Ces histoires sont bien connues de nos lecteurs, sauf peut-être la première, celle qui met en scène Alexandre et Laudavine. En fait, cette anecdote destinée à illustrer la fourberie féminine n’est transmise que dans certains textes (surtout allemands). L’auteur de Reinfried donne ce nom de Laudavine à la femme qui avait voulu tromper Alexandre. On racontait en effet que le roi avait mis au point une sorte de cloche de plongée pour descendre dans l’eau à une certaine profondeur et admirer les merveilles sous-marines. Pour tester la loyauté et la fidélité de la femme, il lui avait confié les chaînes retenant la cloche, mais, sous l’influence d’un autre homme, celle-ci les aurait volontairement laissé tomber dans la mer afin que son époux se noie et qu’elle en soit ainsi débarrassée. Après cette mise en situation, revenons à Virgile et au nom d’Athanata.

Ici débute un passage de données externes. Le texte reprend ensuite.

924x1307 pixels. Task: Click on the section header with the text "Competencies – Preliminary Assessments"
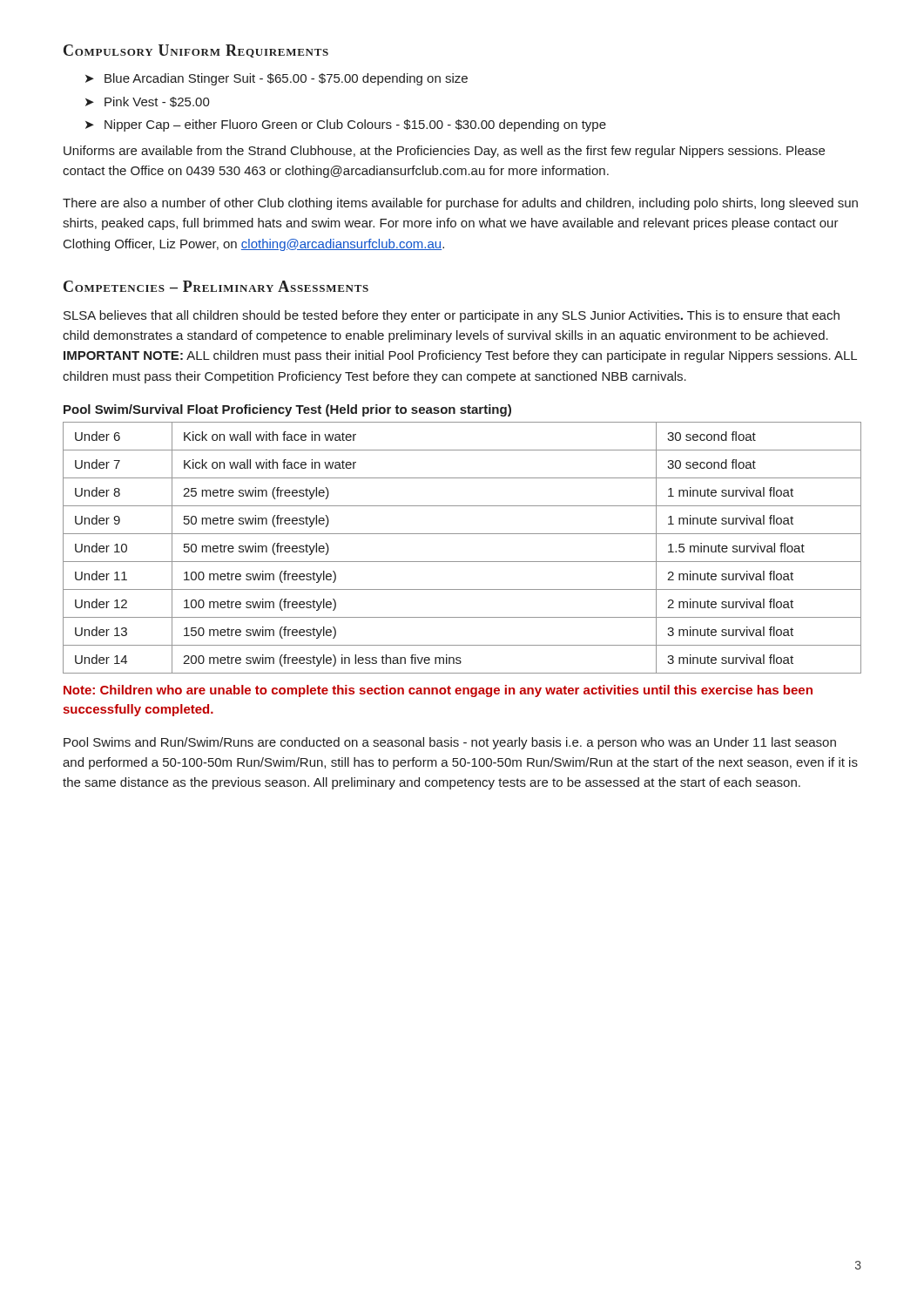point(216,286)

Ce nom, qu’on ne retrouve dans aucune des nombreuses autres histoires traitant du panier et de la vengeance, a interpellé les Modernes. Un savant du milieu du XIXe siècle (Fr.H. von de Hagen, Gesammtabenteur, Stuttgart-Leipzig, III, 1850, p. cxlix-cl) a pensé que l’auteur médiéval aurait utilisé là, après l’avoir transformé, le nom d’Athanaïs/Athenaïs, une personne très belle et très savant originaire d’Athènes (d’où son nom), qui avait épousé l’empereur Théodose II en 421.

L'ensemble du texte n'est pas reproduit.